I try to think about how I have this new power and how it will feel so genuinely empowering to do the responsible thing. How my grandmother’s eyes crinkled with warmth as I took a bite of her warm snickerdoodle cookies. How my mother told me that she truly believed the worst of the storms had passed. But all I can think about is that unreasonably cheerful flight attendant and how it is too early in the morning (or late in the night) to paste on a smile like that and how I can break the rules because my mother won’t be here to scold me.

“Can you please come back to me?” I manage to mumble in a fragile voice, a voice that belongs to that little girl who lost her mother at the supermarket and thought her world was over.

To my relief, she proceeds to the next row of passengers. But now, I am left alone with my thoughts in this deafening silence: Eat some pretzels! No you are not hungry, don’t listen! Do the right thing! What is the right thing? How can I not know what the right thing is? You have the power now! Should I listen to my heart, or listen to my mind?

Ok, enough! I tighten my sore muscles, attempting to purge myself of my voluble thoughts. I can’t repeatedly put myself through this mental abuse, especially since this trip is supposed to be life-changing. Don’t be selfish like you always are! Think about your dying grandmother who imagined great things for you! Think about your siblings at home who used to look up to you but now can’t even look you in the eyes! Think about your mother and how you pretended not to hear her muffled sobs at night!

I have made a decision. I will listen to my heart. I will eat a snack because how can a physically starving body build a playground for those poor children starving for love at the orphanage? I need to be responsible for once in my life if I ever even want to truly live. I have managed to survive for sixteen years of my life, but there is a huge difference between surviving and actually living. Surviving simply means that my heart is still beating. But living is actually enjoying and having the freedom to make my own choices. To have control of my destiny—that is a sensation more exhilarating than the feeling of wind blowing through my damp hair as I jet ski in the cerulean waters.

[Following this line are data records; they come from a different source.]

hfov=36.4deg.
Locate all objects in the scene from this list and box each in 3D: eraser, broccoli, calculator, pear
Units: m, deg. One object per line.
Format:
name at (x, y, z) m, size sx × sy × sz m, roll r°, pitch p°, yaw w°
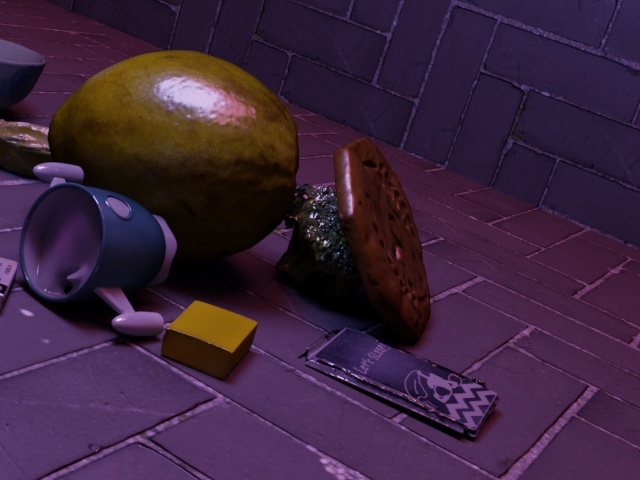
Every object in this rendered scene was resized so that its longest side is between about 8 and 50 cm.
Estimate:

So, I have decided that I don’t want to merely survive. I want to live. I want to live! I want to know what it feels like again to laugh so hard that my throat hurts. I want to make a difference in this world and tell the orphans that I love them, even if their parents traded them for drugs. I hear the wheels of the snack cart creaking, like the sound the mahogany wood of my grandmother’s attic makes when I jump.

“Have you made your decision?” the flight attendant asks me.

“Yes, I have,” I say. And I smile.

As I crunch on my salted pretzels, I feel ready to utilize my newfound inner-power to do good—to bring a smile to a little boy’s face as I dance with him instead of tearing myself down. To impart the same love my family has bestowed upon me through my struggles to the neglected children who deserve more. To move past the pain and use it as a medium to sympathize with the orphans.

I don’t remember the last time I ever felt alive. The last time I ever felt this empowered. And I think I like it.